Food Law News - UK - 2001
FSA Letter, 31 July 2001
LABELLING - Food Labelling Action Plan: Criteria for the Use of the Terms Fresh, Pure, Natural Etc
The letter seeks views on draft advice to industry and enforcement authorities on use of these terms on food labels and in advertising. Consumer research and public consultation have identified consumer dissatisfaction with, and distrust of, a wide range of so-called "marketing terms". These are not defined in law and, if used inappropriately, they may mislead.
When the Agency's Board discussed and agreed its Food Labelling Action Plan in September last year, it agreed the Agency should encourage industry to adopt clear, transparent criteria for the use of potentially misleading terms like "fresh", "traditional" etc. The Board invited the Food Advisory Committee, which advises the Agency on food safety and standards issues (including labelling), to investigate how these terms were being used and advise on development of Agency guidance.
The Committee has now published its report, and draft Agency advice based on its recommendations are available on the FSA web site at:
http://www.foodstandards.gov.uk/consultations/fresh_draftcriteria.htm.
Copies of the full report (in pdf format) are available from the Agency's website at:
http://www.foodstandards.gov.uk/committees/fac/labelreview.pdf
Comments
The FSA would welcome views on the draft criteria and all aspects of the FAC's report. Are there are other terms that could usefully be tackled in a similar way? They are particularly keen to have ideas on examples to include in the guidance of valid, and inappropriate, usage of the terms covered.
There are also some specific points raised in the FAC's report on which the FSA would like views:
- The use of "fresh" to describe fish: The FAC has recommended that raw meat must not be described as "fresh" if it has been previously frozen. In contrast, very little fish has not been frozen at some point in the chain. Current use of the term "fresh fish" to reflect its unprocessed condition, as opposed to the time elapsed after catching, is thought by the FAC to be unlikely to mislead the average consumer, but the Committee is aware there are views to the contrary.

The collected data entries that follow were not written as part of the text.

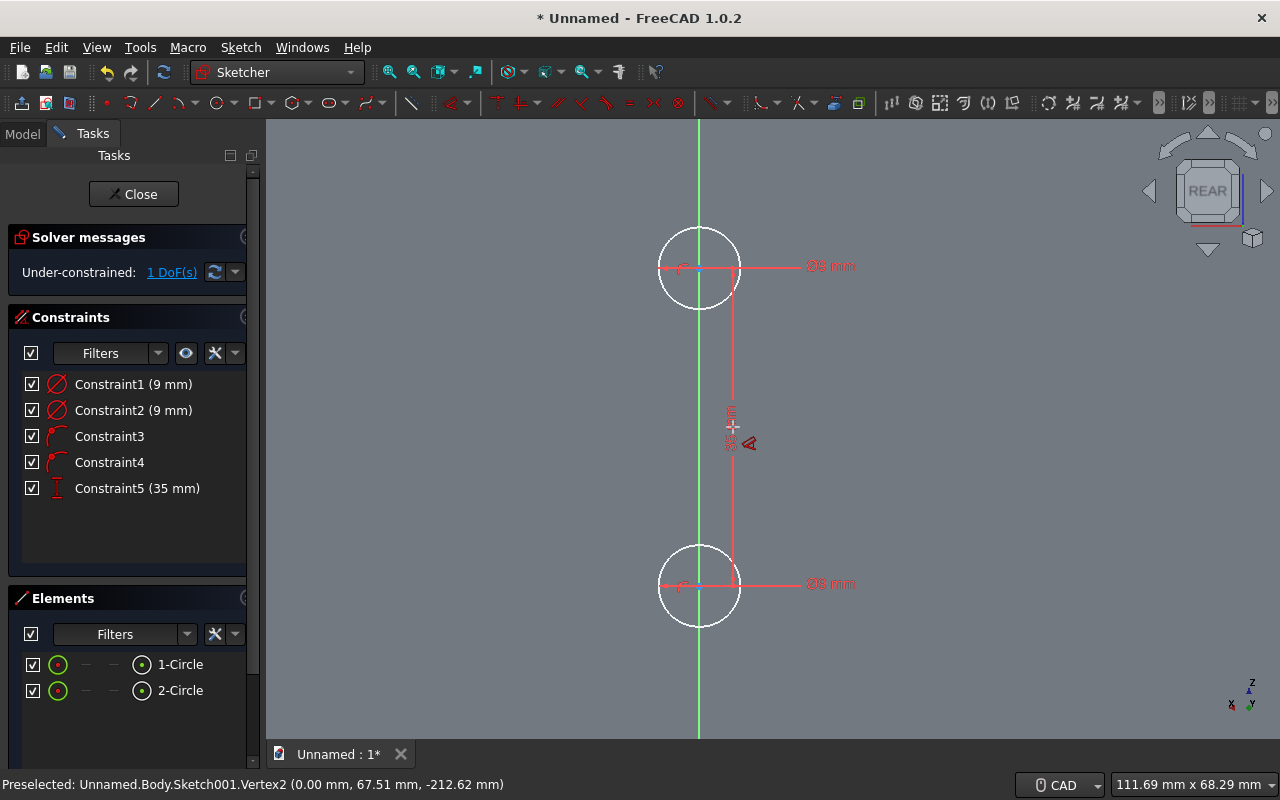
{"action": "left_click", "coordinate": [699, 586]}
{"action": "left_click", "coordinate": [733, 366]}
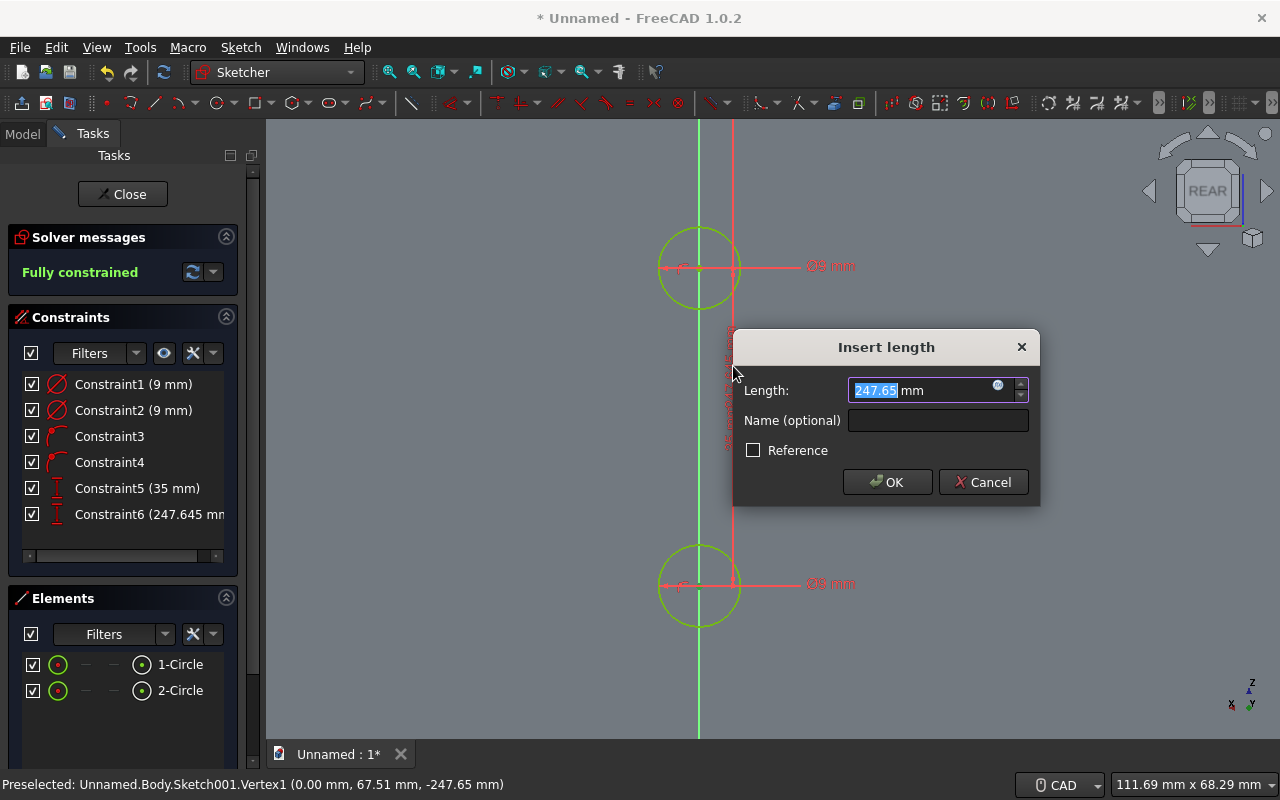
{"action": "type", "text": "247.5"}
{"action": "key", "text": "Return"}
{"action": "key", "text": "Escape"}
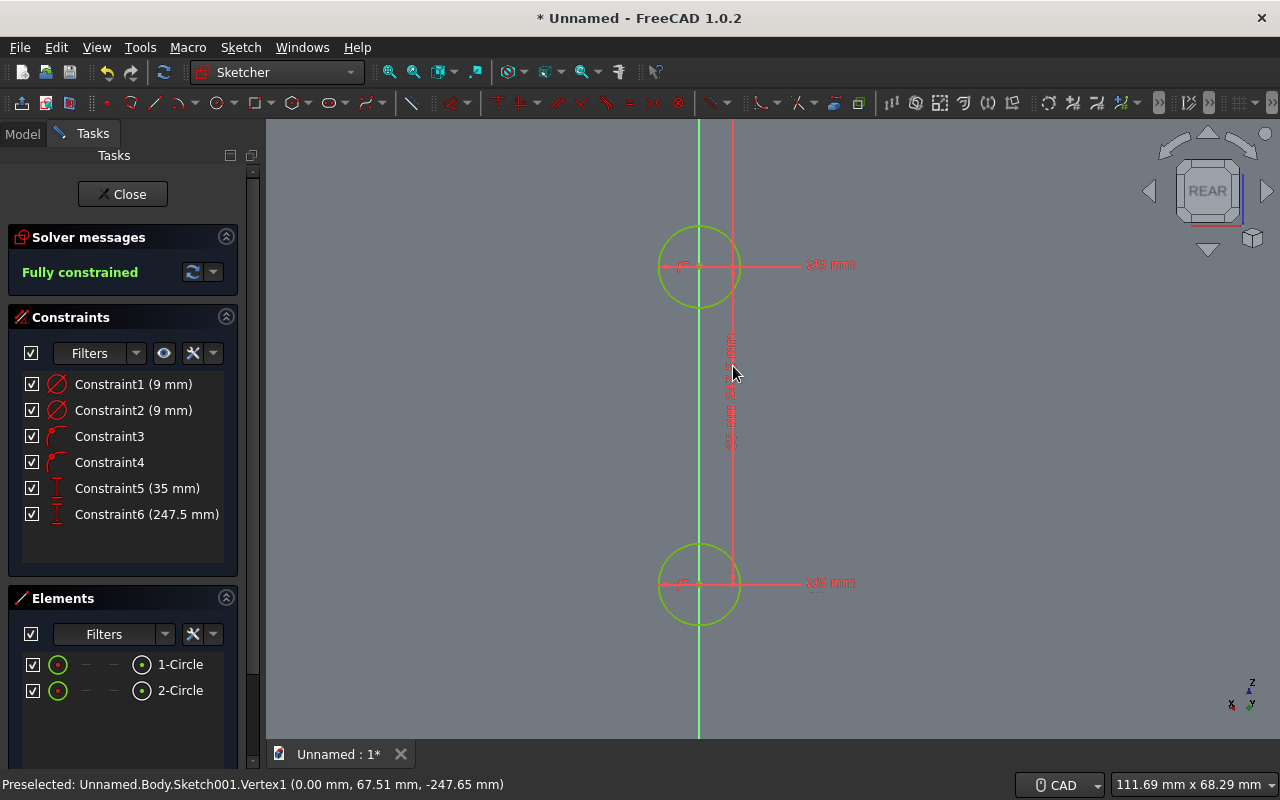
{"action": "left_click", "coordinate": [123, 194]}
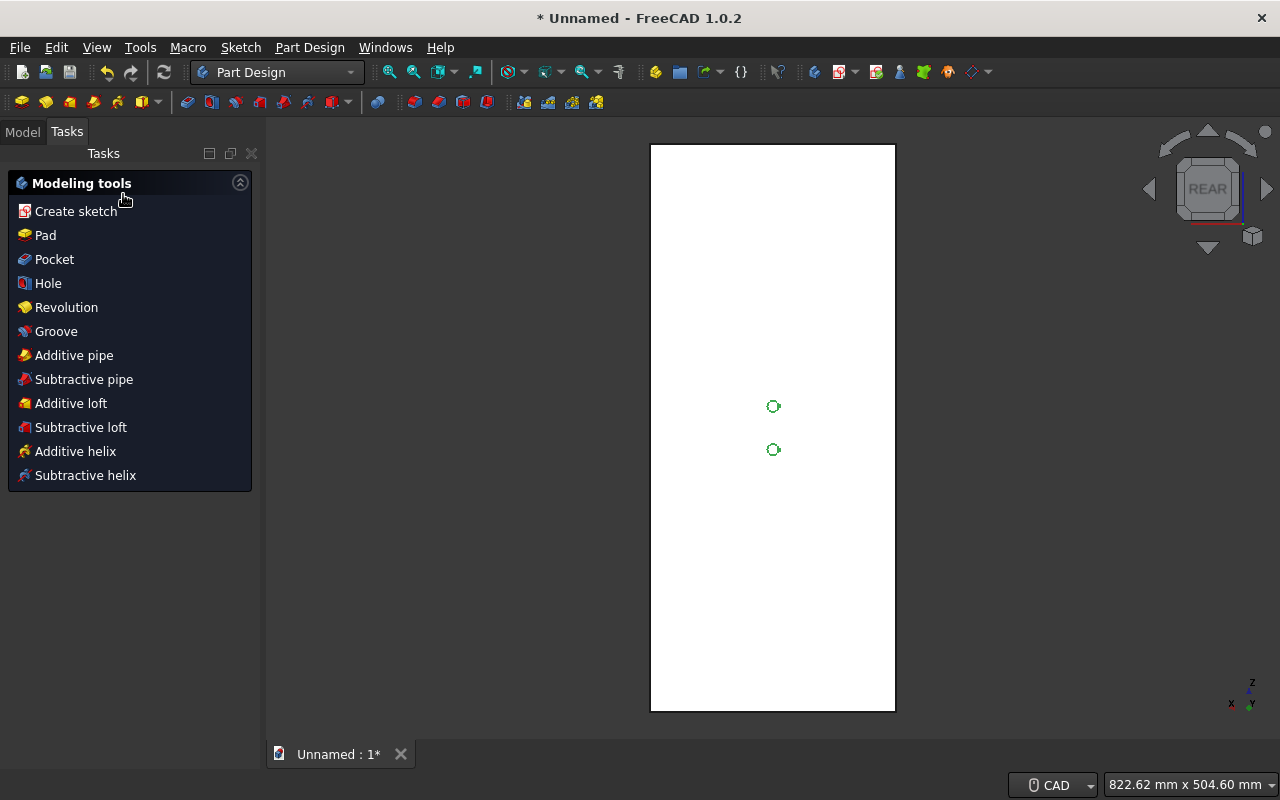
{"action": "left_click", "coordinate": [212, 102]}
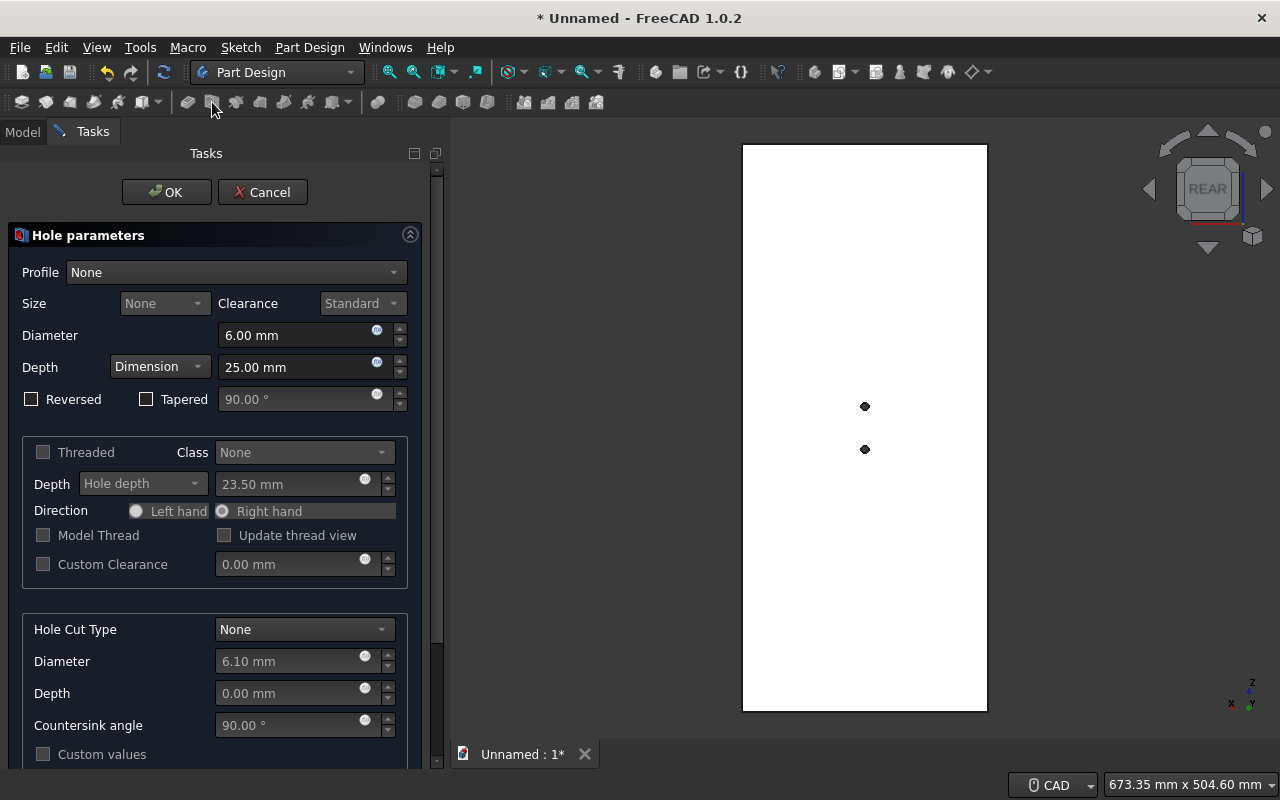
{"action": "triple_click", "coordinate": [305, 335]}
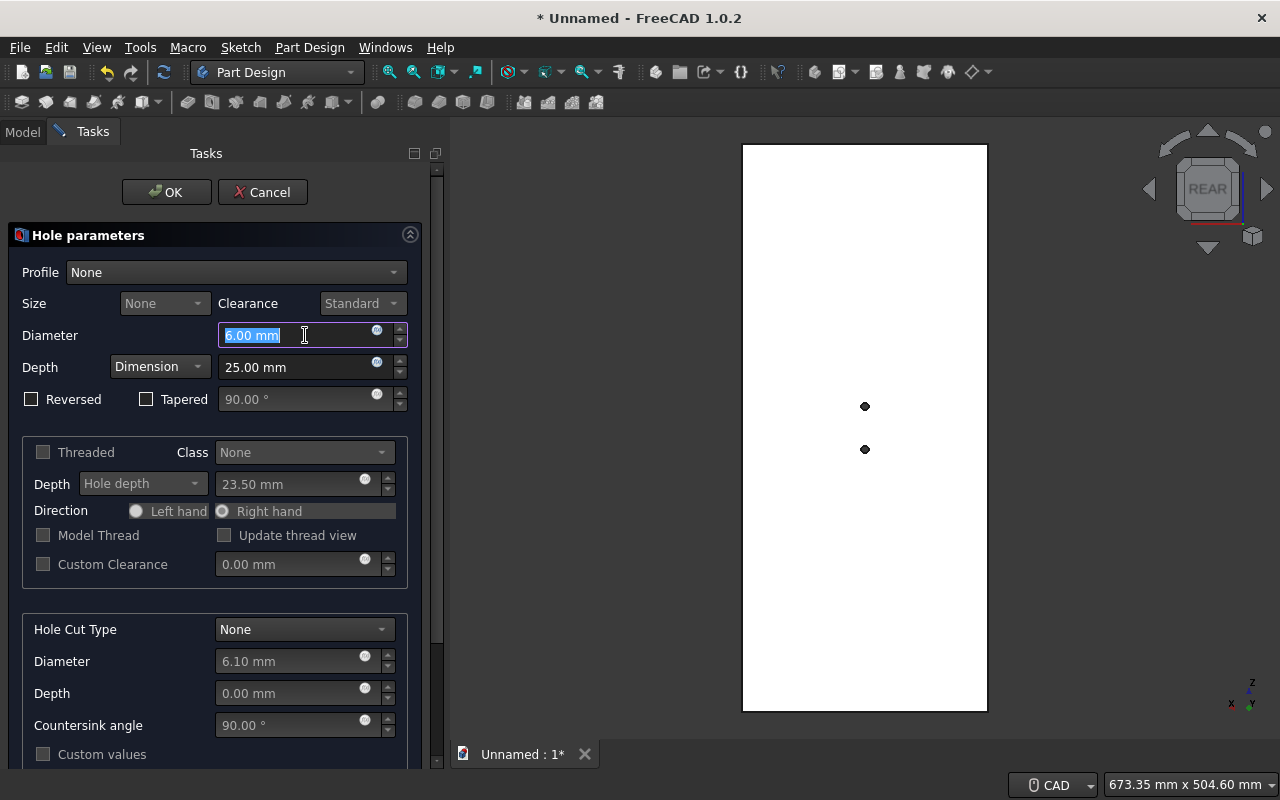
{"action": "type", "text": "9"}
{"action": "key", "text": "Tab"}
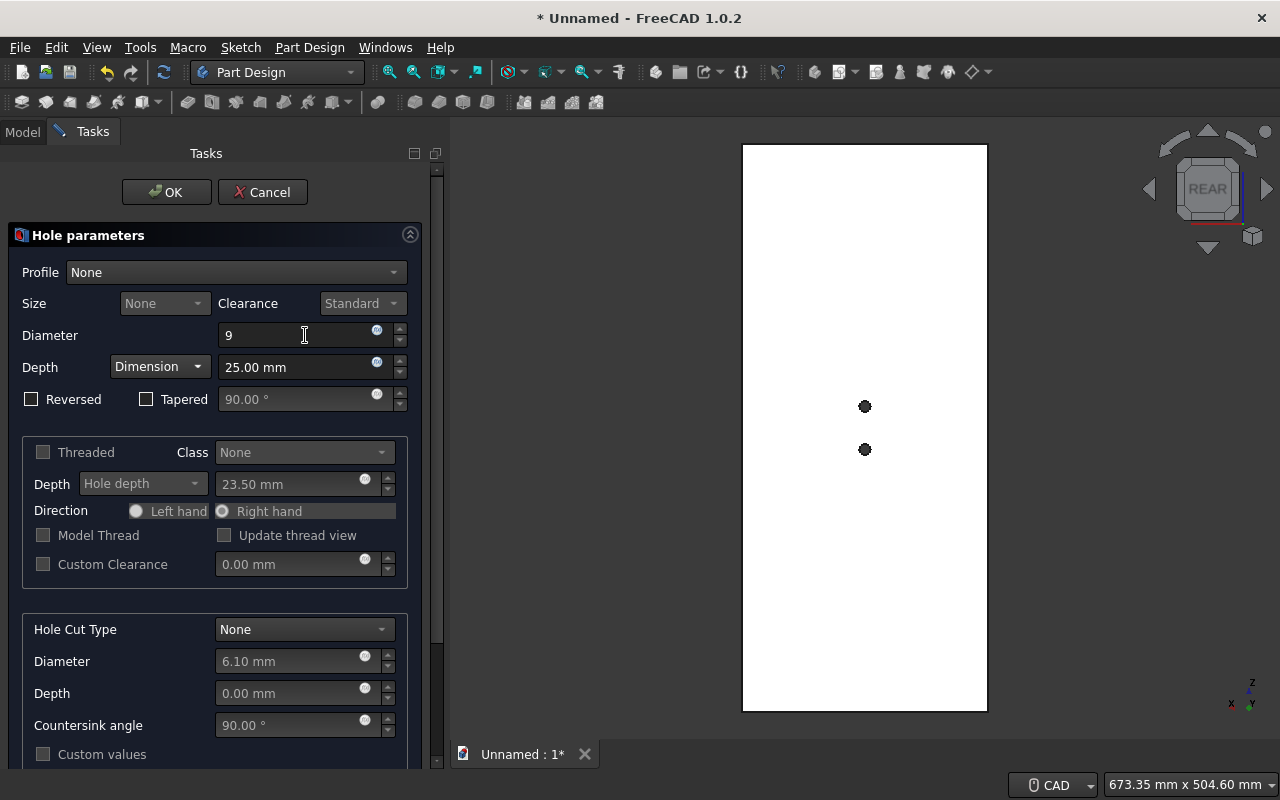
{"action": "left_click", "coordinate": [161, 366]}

- The use of "freshly": The FAC has suggested that clarification of the use of "freshly" (eg "freshly prepared", "freshly baked", "freshly picked" etc) in a variety of specific applications, particularly in relation to time periods, might be possible in the light of detailed consultation. Is it possible to define fixed periods of time elapsed since manufacture / preparation for particular foods beyond which the use of "fresh" or "freshly" would be unacceptable?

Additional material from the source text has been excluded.